WITH Incorrect_records AS(
                        SELECT
                            v.location_id,
                            v.record_id,
                            v.assigned_employee_id AS assigned_employee_id,
                            e.employee_name,
                            ar.type_of_water_source AS auditor_source,
                            ws.type_of_water_source AS survey_source,
                            ar.true_water_source_score AS auditor_score,
                            wq.subjective_quality_score AS survey_score
                        
                        FROM
                            auditor_report AS ar
                        JOIN
                            visits AS v
                        ON
                            v.location_id = ar.location_id
                        JOIN
                            water_quality as wq
                        ON
                            wq.record_id = v.record_id
                        JOIN
                            water_source as ws
                        ON
                            ws.source_id = v.source_id
                        JOIN
                            employee as e
                        ON
                            e.assigned_employee_id = v.assigned_employee_id
                        WHERE
                            ar.true_water_source_score != wq.subjective_quality_score
                            AND 
                            v.visit_count = 1)
SELECT
    employee_name,
    COUNT(employee_name) AS num_of_mistakes
FROM
    Incorrect_records
GROUP BY
    1
ORDER BY
    2 DESC

employee_name,num_of_mistakes
Bello Azibo,26
Malachi Mavuso,21
Zuriel Matembo,17
Lalitha Kaburi,7
Rudo Imani,5
Farai Nia,4
Enitan Zuri,4
Yewande Ebele,3
Jengo Tumaini,3
Makena Thabo,3


Do you see a pattern there? Order the list if you can't see it yet.

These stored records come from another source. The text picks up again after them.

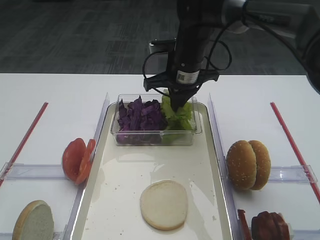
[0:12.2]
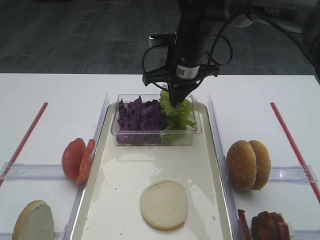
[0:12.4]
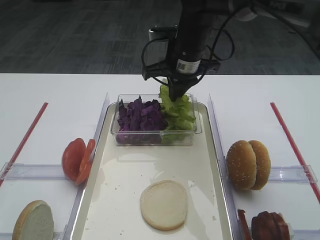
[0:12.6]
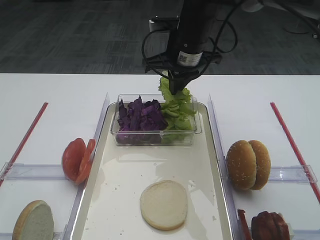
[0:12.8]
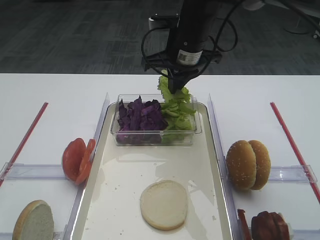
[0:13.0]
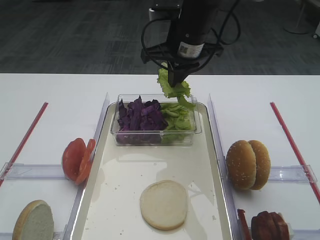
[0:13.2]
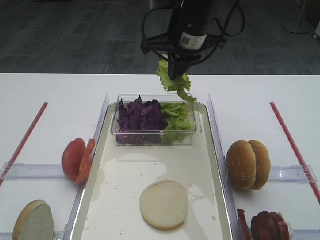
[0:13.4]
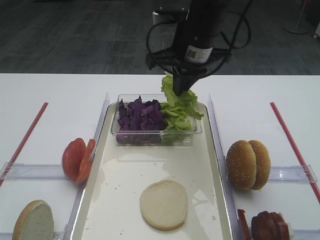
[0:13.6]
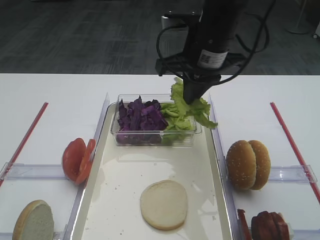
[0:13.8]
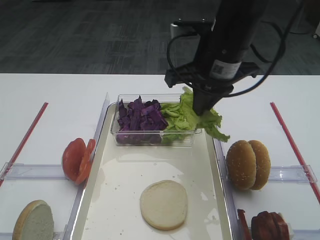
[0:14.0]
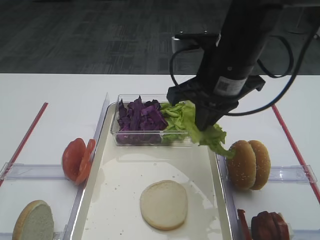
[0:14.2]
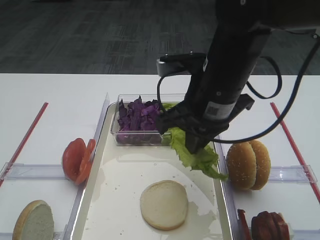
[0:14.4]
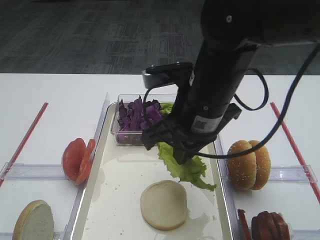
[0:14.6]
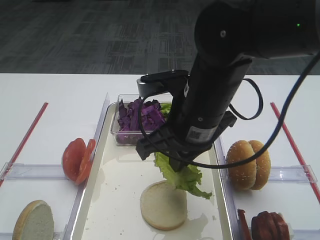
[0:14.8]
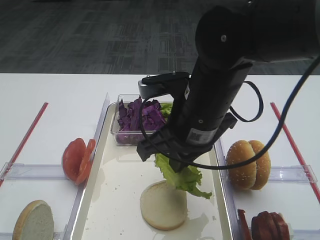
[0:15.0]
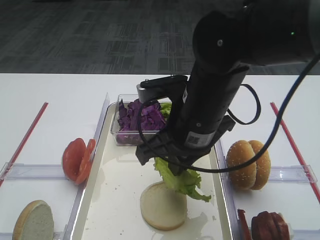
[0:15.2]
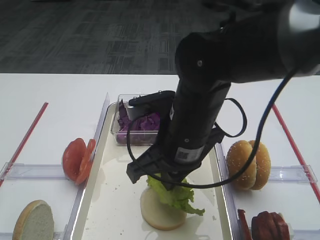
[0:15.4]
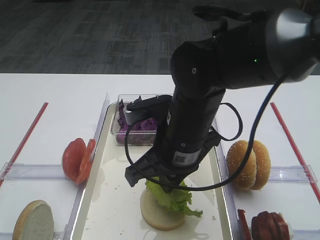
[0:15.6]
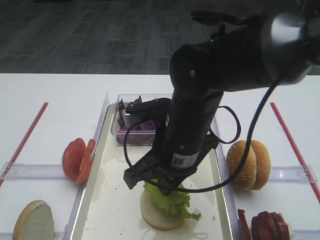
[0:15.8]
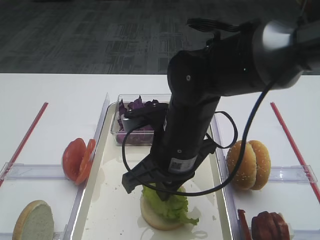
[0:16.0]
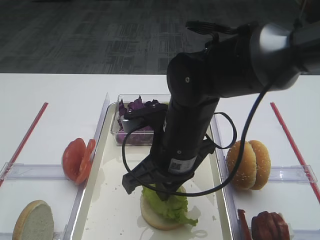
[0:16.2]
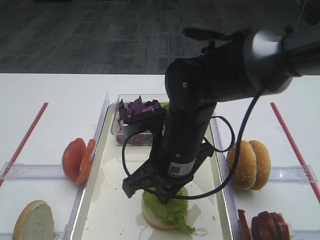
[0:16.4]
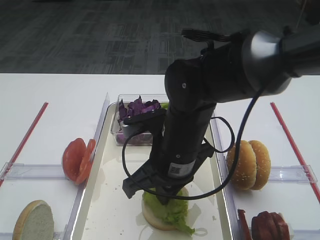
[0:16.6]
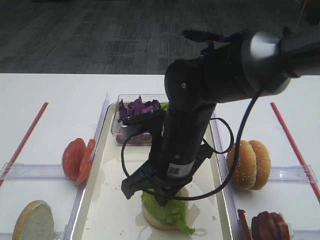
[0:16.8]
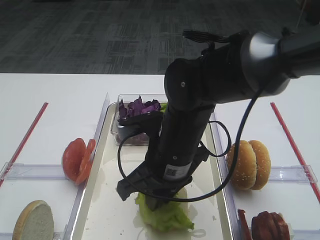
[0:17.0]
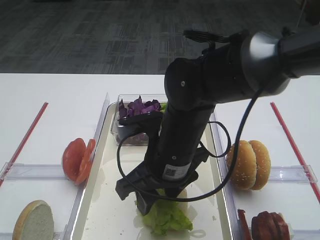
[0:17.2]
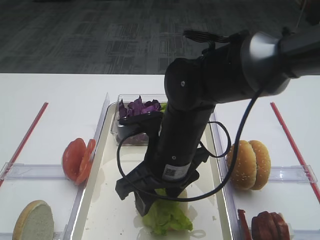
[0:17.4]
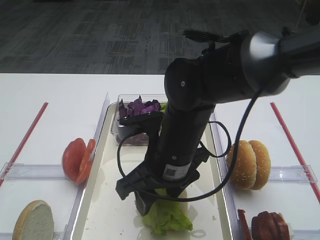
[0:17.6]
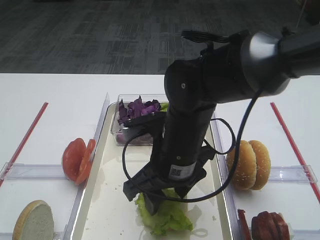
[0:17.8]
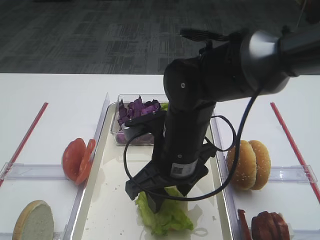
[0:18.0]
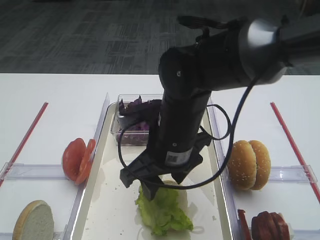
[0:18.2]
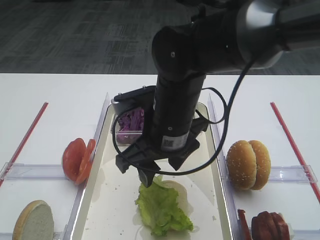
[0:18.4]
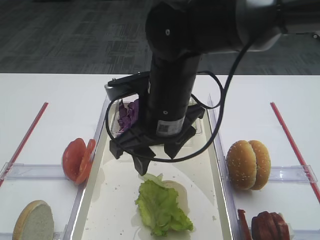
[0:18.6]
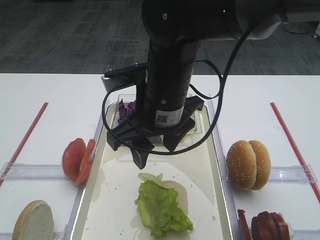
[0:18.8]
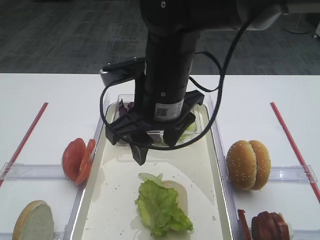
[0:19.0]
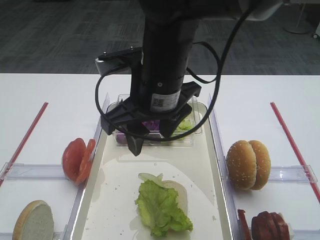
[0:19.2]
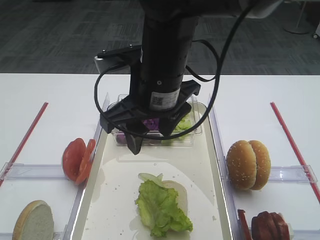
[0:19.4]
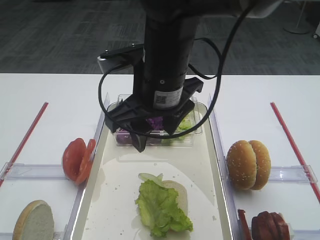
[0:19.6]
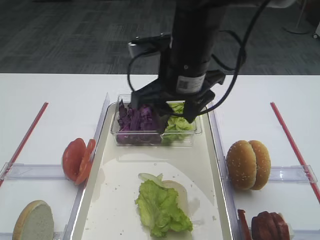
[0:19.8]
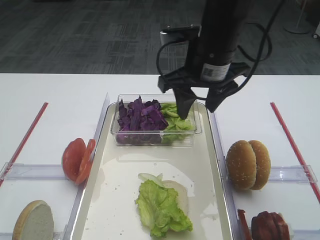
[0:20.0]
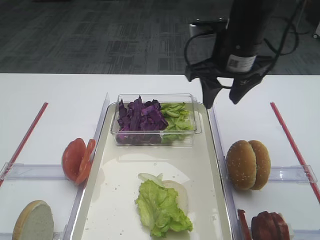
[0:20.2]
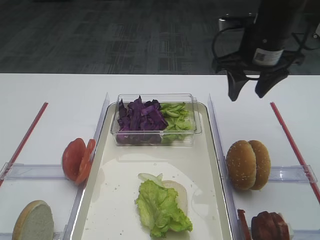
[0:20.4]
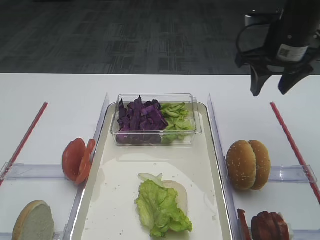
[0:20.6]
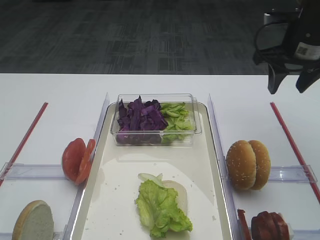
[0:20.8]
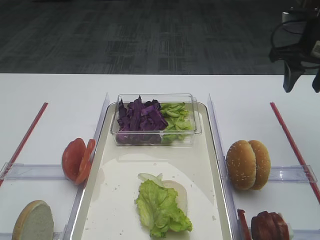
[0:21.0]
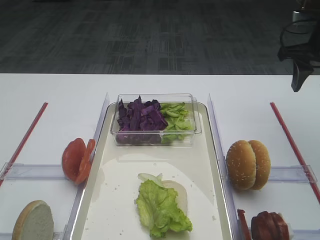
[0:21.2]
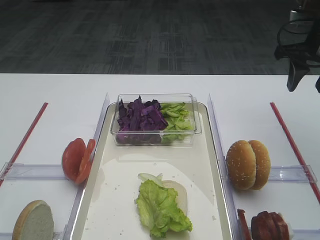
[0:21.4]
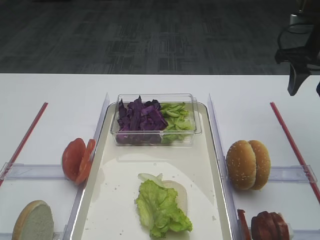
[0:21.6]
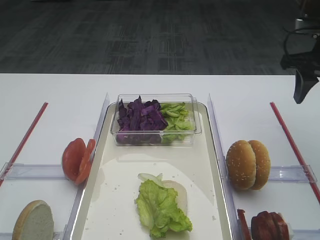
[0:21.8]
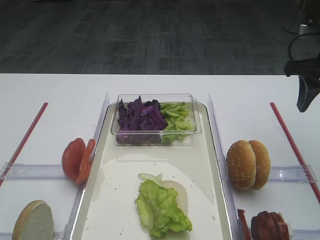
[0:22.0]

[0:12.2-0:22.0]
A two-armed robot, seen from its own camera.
Step, 0:13.0 to 0:18.2: Place the lettuce leaf on the bread slice with the right gripper.
0:12.2 to 0:13.6: The right gripper shifts some 5 cm upward.
0:13.6 to 0:15.0: The right gripper travels backward by some 15 cm.
0:15.0 to 0:16.4: The right gripper is displaced downward by approximately 5 cm.
0:16.4 to 0:17.8: The right gripper opens its fingers.
0:17.8 to 0:19.2: The right gripper goes some 10 cm upward.
0:19.2 to 0:20.6: The right gripper is displaced to the right and forward by about 25 cm.
0:20.6 to 0:22.0: The right gripper goes approximately 5 cm to the right.

It looks like some of our surveyors are making a lot of "mistakes" while many of the other surveyors are only making a few. I don't like where this is
going!

#### Gathering some evidence
Ok, so thinking about this a bit. How would we go about finding out if any of our employees are corrupt?

Let's say all employees make mistakes, if someone is corrupt, they will be making a lot of "mistakes", more than average, for example. But someone
could just be clumsy, so we should try to get more evidence...

Our auditor did say some of the things he heard on the streets were quite shady, and he recorded this in the statements column. Considering
both of these sources should give us a pretty reliable answer.


So let's try to find all of the employees who have an above-average number of mistakes. Let's break it down into steps first:
1. We have to first calculate the number of times someone's name comes up. (we just did that in the previous query). Let's call it error_count.
2. Then, we need to calculate the average number of mistakes employees made. We can do that by taking the average of the previous query's
results. Something like this:
SELECT
AVG(number_of_mistakes)
FROM
error_count;
Let's call that result avg_error_count_per_empl, which would be a scalar value.
3. Finaly we have to compare each employee's error_count with avg_error_count_per_empl. We will call this results set our suspect_list.
Remember that we can't use an aggregate result in WHERE, so we have to use avg_error_count_per_empl as a subquery.
SELECT
employee_name,
number_of_mistakes
FROM
error_count
WHERE
number_of_mistakes > (avg_error_count_per_empl);

#### 1.
Let's start by cleaning up our code a bit. First, Incorrect_records is a result we'll be using for the rest of the analysis, but it makes the
query a bit less readable. So, let's convert it to a VIEW. We can then use it as if it was a table. It will make our code much simpler to read, but, it
comes at a cost. We can add comments to CTEs in our code, so if we return to that query a year later, we can read those comments and quickly
understand what Incorrect_records represents. If we save it as a VIEW, it is not as obvious. So we should add comments in places where we
use Incorrect_records.

In [217]:
%%sql
# So, replace WITH with CREATE VIEW like this,
# and note that I added the statements column to this table in line 8 too:  PAGE(20)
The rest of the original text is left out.